¡Vuestra sobreprotección no me hará ningún bien!

Queridos papá y mamá, en esta ocasión me gustaría poder abordar con vosotros un aspecto sobre mi educación que me preocupa. No tengo ninguna duda del amor que me profesáis; me lo demostráis todos los días, pero no quiero que caigáis en el error de sobreprotegerme. Para que podáis entenderme, quiero explicaros en qué consiste la sobreprotección y las negativas consecuencias que tendrá para mí a la hora de enfrentarme a la vida.

Cuando os planteasteis ser padres, os surgieron millones de dudas en vuestra cabeza, ¿lo haremos bien?, ¿sabremos apoyarle en todo momento?, ¿seremos unos buenos padres?, etc., entre toda esa infinidad de miedos y dudas, totalmente comprensibles debido a la magnitud que supone ser padres, había algo que teníais realmente claro, y es que me querríais con locura y me protegeríais de cualquier circunstancia o problema que pudiese hacerme sufrir.

Hasta este punto, este instinto de protección es más que lícito y necesario, pero me gustaría compartir con vosotros la necesidad de poner una serie de límites a vuestros miedos ante la mínima posibilidad de que yo sufra.

En vuestra gran misión como padres tenéis la obligación de cuidarme, enseñarme el mundo y sobre todo mostrarme cómo interactuar dentro de él, por ello quiero que entendáis que no vais a poder protegerme de todas las situaciones que me toque vivir, y que, aunque lo pudieseis hacer, me estaríais perjudicando en vez de beneficiando.

Os voy a explicar por qué: como niño necesito enfrentarme a situaciones en las cuales no consiga tener el control, como puede ser el hecho de que en un momento determinado un amigo me quite un juguete en la escuela, o que cuando esté corriendo en el parque pueda caerme y hacerme daño. Con esto no quiero deciros que no significa que tengáis que dejarme a mi libre albedrío, lo que quiero transmitiros es que es necesario que me deis mi espacio para que pueda equivocarme y aprender de mis propios errores.

Cuando me manden ejercicios en el colegio y no sepa hacerlos, tendréis que ayudarme a que los comprenda, pero nunca podréis hacerlos por mí, porque entonces nunca me esforzaré y cuando sea mayor, cuando encuentre una situación difícil, no habré aprendido a enfrentarme a ella, sino que estaré acostumbrado a que seáis vosotros los que me solucionéis los problemas.

En vez de sobreprotegerme, lo que os pido es que me acompañéis en todo mi proceso madurativo, me guieis en la toma de mis decisiones, enseñadme a valorar las opciones y a que sea yo el que decida. Existirán multitud de situaciones en las cuales vosotros como adultos tendréis que decidir qué es lo que me conviene: horarios, rutinas del día a día, límites, estrategias para la gestión de mis rabietas, etc.

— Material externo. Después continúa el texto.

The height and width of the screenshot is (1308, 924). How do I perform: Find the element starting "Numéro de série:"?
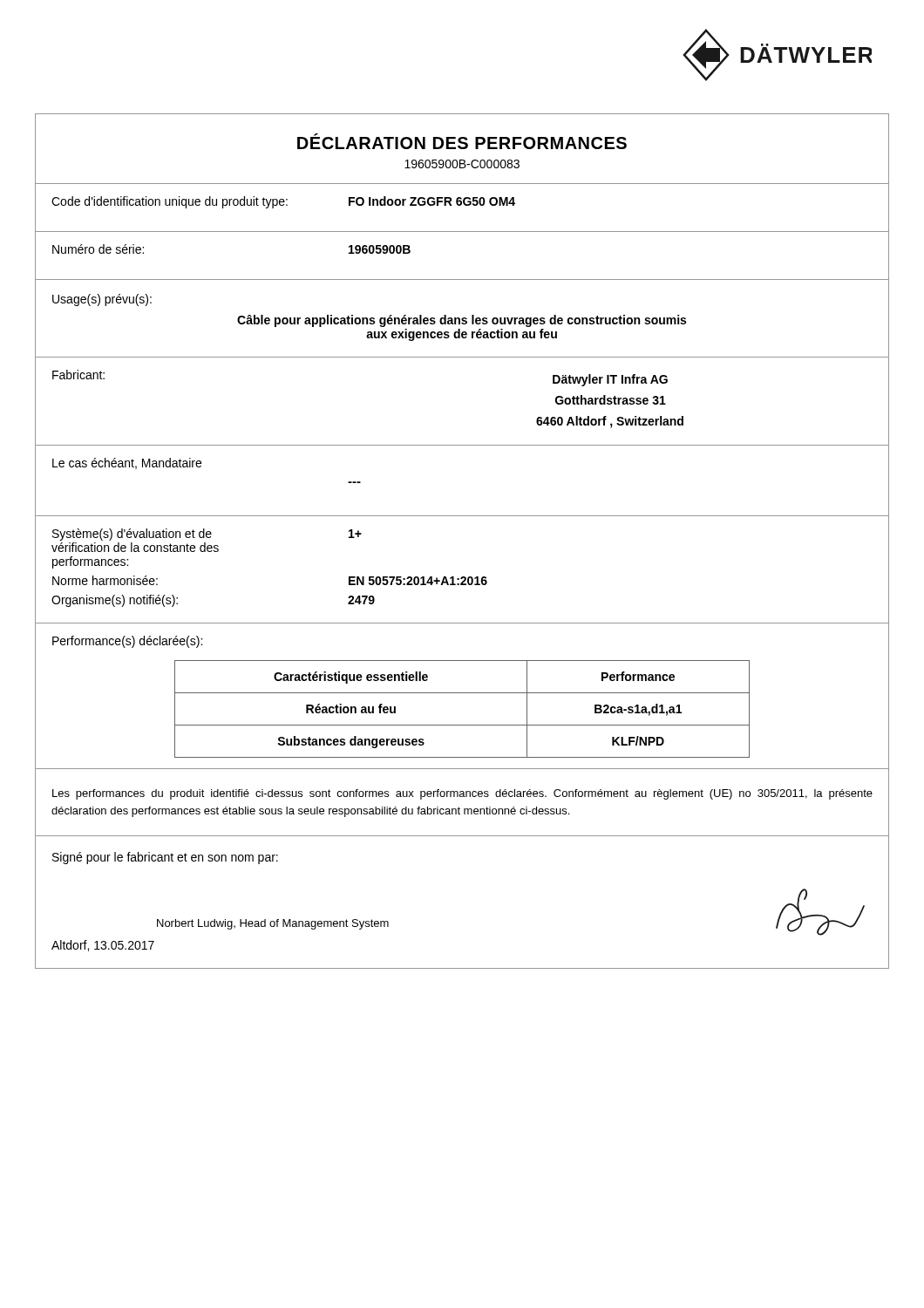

El hecho de que me permitáis equivocarme, que aprenda a levantarme cuando me caigo tanto en el sentido literal, como en el sentido figurativo, me ayudará a tener un autoconcepto positivo de mí mismo, así como una alta autoestima. Si me solucionáis todos los problemas, por pequeños que sean, aprenderé el esquema de que siempre será un agente externo el que lleve el control de mi vida. Este esquema no me ayudará en mi futuro, ni me ayudará a sentirme válido.

Por todo esto, queridos papá y mamá, os pido que reflexionéis sobre ello y podáis aplicar el sentido común a todas las decisiones que toméis, y que siempre dejéis un espacio para que yo vaya conformando mi personalidad enfrentándome poquito a poco a las dosis de realidad tan necesarias para enfrentarse a la vida misma.

Os quiere vuestro hijo.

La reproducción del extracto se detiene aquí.